Exercise - Within the entries that follow, report how many lines contain the word "debates", giving the number by itself.

-=-=-

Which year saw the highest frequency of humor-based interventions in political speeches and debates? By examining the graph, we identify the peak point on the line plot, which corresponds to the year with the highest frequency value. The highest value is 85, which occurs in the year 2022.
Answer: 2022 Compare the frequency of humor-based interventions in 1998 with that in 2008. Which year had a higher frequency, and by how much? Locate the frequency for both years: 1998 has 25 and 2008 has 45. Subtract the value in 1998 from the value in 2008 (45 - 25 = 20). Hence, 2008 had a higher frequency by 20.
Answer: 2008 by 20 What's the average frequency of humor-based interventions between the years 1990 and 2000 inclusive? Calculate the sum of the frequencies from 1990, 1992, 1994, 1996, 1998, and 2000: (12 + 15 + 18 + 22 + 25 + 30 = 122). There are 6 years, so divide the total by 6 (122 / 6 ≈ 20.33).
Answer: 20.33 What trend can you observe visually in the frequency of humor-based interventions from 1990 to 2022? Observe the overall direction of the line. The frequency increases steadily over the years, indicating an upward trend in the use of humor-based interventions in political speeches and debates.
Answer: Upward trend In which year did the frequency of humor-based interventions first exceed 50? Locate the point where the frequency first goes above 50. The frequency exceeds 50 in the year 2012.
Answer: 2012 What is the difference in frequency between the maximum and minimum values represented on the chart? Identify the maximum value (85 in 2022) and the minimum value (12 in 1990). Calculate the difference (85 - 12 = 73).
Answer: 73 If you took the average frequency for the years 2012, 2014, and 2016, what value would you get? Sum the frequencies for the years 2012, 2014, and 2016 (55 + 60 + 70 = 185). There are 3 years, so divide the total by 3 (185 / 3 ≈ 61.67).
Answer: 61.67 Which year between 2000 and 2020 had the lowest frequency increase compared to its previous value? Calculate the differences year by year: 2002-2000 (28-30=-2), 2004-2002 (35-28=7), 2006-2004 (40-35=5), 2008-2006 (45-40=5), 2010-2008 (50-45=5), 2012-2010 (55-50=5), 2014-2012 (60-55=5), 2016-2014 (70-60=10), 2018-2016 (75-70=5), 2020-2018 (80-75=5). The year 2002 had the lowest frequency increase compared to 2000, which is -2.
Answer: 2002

-=-=-

Solution to this task - 2